Folgen des Angriffs werden immer bleiben

Eine Operation steht bevor. Teile der Haut sind taub. Der zerschnittene Arm – unter anderem wurden Blutgefäße und zwei Sehnen durchtrennt, das Handgelenk frei gelegt – ist wieder einigermaßen beweglich. 

Gefühlsstörungen und Schmerzen bei Kälte plagen die 43-Jährige bis dato. Eine Behinderung wird bleiben, prognostizieren die Ärzte. Hinzukommen Ängste, vor allem im Dunkeln, und Albträume. „Ich habe neben dem Bett einen Baseballschläger“, so die Zeugin. 

Wegen der psychischen Folgen ist sie nach wie vor in Behandlung. Ihren Arbeitsplatz in Waldkraiburg hat sie damals verloren. Bis auf weiteres ist sie krankgeschrieben. 

Täter soll gedroht haben, die Frau zu verunstalten

Auf Fragen berichtete die Nebenklägerin, der Angeklagte sei extrem eifersüchtig, habe mehrmals geäußert, sie werde „seine letzte Frau sein“. Sollte sie ihm untreu sein, werde er sie „umbringen“. Auch ihre Familie werde zu leiden haben.
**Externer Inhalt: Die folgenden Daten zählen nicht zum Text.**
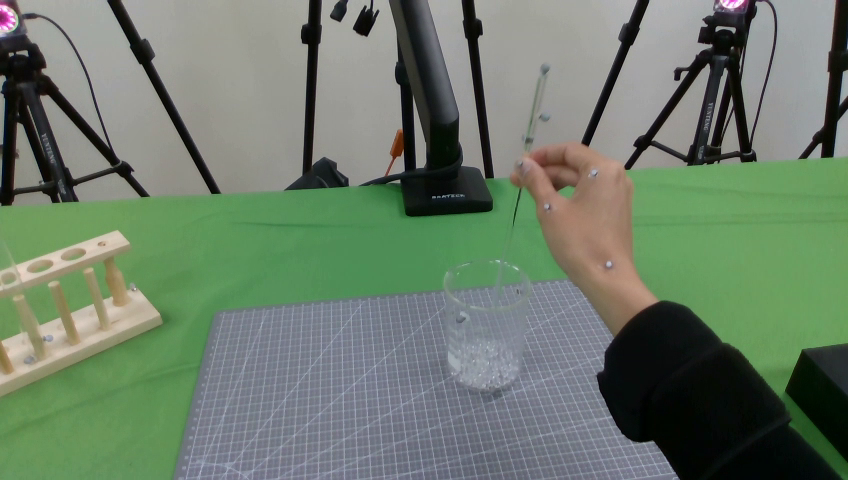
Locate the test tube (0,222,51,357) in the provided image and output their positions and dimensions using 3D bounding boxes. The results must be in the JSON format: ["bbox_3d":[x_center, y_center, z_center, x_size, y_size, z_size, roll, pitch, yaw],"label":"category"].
[{"bbox_3d":[-0.355,0.042,0.526,0.017,0.151,0.017,1,32,0],"label":"test tube"}]

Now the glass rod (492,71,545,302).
[{"bbox_3d":[0.073,-0.033,0.477,0.008,0.201,0.008,5,30,-3],"label":"glass rod"}]

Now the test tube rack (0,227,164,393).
[{"bbox_3d":[-0.380,0.078,0.554,0.243,0.086,0.066,-26,41,-34],"label":"test tube rack"}]

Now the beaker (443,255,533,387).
[{"bbox_3d":[0.051,0.073,0.539,0.083,0.101,0.074,26,41,36],"label":"beaker"}]
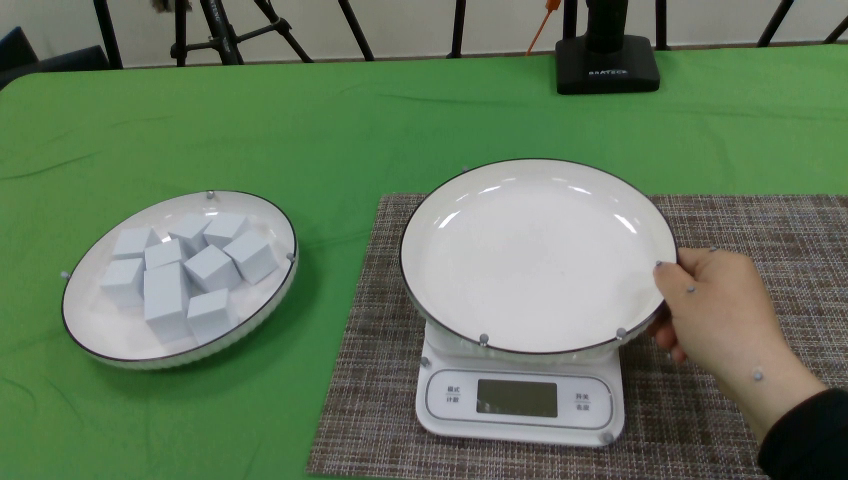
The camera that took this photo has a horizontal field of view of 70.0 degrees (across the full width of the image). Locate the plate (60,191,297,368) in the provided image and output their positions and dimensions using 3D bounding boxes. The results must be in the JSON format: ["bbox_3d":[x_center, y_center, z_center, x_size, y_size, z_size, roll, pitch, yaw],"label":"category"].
[{"bbox_3d":[-0.217,0.034,0.556,0.209,0.038,0.207,-4,44,4],"label":"plate"}]

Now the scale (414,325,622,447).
[{"bbox_3d":[0.076,0.063,0.485,0.148,0.032,0.199,1,46,10],"label":"scale"}]

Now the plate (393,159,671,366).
[{"bbox_3d":[0.081,0.015,0.474,0.207,0.039,0.205,-3,45,4],"label":"plate"}]

Einmal habe er gedroht, er werde sie „verunstalten“, sollte sie fremdgehen. Die 43-Jährige betonte, sie versuche, „alles zu verdrängen, zu vergessen“. Früher habe man gemeinsame Pläne gehabt – die an seiner Eifersucht gescheitert seien: „Er war auf alles eifersüchtig – auf den Chef, auf Kollegen, auf die Untermieter.“ 

Seine Aggressionsattacken führte die von Opferanwältin Inge Bazelt aus Altötting begleitete Geschädigte auf übermäßigen Alkoholkonsum zurück. Sie habe ihn vom Alkohol abbringen wollen, habe an das Gute in ihm geglaubt. Nüchtern habe er stets versprochen, sich zu ändern. Der Ex-Freund auf der Anklagebank verfolgte die Aussage mit betroffener Miene. Fragen stellte er nicht.